German naval officer

Friedrich Bonte (19 October 1896 – 10 April 1940) was the German naval officer commanding the destroyer flotilla that transported invasion troops to Narvik during the German invasion of Norway (Operation Weserübung) in April 1940.

Bonte joined the Imperial German Navy in April 1914 and was retained in the German navy, where he had a steady career, reaching the rank of Fregattenkapitän (Commander) in April 1937. In November 1938, he was given command of the Second Destroyer Flotilla, and in April 1939 he was promoted to Kapitän zur See (Captain). On 26 October 1939, Bonte was type commander of destroyers (Führer der Zerstörer) of Nazi Germany's Kriegsmarine. He relinquished command of the torpedoboats at the end of November 1939, but held the command over the destroyers until his death. On 10 February 1940 he was promoted to Kommodore.
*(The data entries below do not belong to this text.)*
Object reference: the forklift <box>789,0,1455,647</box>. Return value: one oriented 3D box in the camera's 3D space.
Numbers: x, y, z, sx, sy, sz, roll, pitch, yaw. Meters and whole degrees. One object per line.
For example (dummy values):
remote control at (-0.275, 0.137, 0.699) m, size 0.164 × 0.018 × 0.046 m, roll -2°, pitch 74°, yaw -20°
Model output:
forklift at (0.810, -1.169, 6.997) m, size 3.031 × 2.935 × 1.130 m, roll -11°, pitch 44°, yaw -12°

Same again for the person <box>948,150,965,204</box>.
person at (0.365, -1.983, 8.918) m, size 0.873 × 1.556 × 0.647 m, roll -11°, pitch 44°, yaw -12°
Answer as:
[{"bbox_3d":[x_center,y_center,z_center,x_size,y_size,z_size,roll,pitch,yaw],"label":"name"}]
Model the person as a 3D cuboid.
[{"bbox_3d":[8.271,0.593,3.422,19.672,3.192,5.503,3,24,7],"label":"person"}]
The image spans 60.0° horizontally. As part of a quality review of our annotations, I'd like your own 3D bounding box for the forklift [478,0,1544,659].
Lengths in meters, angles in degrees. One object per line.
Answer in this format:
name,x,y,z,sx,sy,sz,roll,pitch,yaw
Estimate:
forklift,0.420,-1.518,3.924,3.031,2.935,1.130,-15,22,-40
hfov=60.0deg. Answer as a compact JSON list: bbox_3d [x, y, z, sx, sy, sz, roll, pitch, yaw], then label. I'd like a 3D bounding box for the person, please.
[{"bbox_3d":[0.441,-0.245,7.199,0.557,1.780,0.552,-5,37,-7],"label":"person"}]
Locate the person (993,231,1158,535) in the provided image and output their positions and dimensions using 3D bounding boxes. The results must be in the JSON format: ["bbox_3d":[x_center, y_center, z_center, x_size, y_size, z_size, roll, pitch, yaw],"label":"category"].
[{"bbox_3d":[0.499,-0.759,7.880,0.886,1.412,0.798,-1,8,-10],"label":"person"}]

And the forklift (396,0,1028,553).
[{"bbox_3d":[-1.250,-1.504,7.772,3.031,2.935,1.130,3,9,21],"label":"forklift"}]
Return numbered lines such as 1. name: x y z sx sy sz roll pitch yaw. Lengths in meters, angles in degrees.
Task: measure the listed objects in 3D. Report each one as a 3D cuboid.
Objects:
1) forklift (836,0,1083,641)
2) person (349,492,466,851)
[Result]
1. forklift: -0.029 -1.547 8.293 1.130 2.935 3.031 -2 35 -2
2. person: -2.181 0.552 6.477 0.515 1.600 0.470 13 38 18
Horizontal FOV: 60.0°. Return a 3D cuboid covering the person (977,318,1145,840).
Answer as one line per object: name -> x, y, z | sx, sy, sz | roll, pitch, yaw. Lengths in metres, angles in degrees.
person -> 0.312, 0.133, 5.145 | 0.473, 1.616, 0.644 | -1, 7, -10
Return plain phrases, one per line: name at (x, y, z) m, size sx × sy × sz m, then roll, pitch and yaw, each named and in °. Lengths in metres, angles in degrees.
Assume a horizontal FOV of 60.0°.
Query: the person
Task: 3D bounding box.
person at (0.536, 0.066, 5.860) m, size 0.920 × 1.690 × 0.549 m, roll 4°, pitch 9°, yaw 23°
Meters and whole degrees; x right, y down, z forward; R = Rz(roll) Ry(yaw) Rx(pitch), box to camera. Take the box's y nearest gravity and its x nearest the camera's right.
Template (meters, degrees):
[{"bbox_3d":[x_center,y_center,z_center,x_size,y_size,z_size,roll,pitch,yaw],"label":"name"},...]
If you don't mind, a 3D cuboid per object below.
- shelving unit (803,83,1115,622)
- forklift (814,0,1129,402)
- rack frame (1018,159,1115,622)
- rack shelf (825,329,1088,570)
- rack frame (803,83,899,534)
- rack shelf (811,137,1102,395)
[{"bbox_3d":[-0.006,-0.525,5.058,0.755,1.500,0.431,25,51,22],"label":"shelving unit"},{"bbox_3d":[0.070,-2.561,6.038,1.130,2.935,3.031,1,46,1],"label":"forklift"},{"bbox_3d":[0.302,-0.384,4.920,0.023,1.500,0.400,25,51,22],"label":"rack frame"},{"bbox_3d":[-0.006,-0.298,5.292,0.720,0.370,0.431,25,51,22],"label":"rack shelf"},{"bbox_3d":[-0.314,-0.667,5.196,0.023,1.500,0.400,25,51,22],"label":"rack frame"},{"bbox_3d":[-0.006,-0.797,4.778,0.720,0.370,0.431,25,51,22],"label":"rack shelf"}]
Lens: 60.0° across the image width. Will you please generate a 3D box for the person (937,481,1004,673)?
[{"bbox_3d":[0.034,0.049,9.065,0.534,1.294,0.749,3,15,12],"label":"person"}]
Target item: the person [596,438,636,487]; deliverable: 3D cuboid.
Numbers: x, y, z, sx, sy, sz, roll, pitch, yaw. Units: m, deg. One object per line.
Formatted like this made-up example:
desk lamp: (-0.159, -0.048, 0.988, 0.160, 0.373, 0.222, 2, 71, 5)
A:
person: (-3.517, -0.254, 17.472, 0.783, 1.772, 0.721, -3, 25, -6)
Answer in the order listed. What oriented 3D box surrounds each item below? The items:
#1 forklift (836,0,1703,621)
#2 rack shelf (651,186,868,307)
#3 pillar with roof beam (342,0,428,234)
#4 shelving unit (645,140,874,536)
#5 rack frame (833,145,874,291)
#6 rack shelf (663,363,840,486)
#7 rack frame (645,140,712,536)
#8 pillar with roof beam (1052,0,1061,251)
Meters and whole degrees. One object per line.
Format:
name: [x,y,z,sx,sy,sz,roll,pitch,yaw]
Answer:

During the German invasion of Norway, Bonte commanded the ten destroyers carrying General Dietl's mountain troops to Narvik on 9 April 1940. On the morning of 10 April, the flotilla was attacked in Narvik fjord by British destroyers under the command of Commodore Bernard Warburton-Lee.

Bonte's flagship, the destroyer Wilhelm Heidkamp, was anchored when it was hit by a torpedo from and the aft magazine exploded. Bonte and eighty of the crew perished. Bonte was posthumously awarded the Knight's Cross of the Iron Cross.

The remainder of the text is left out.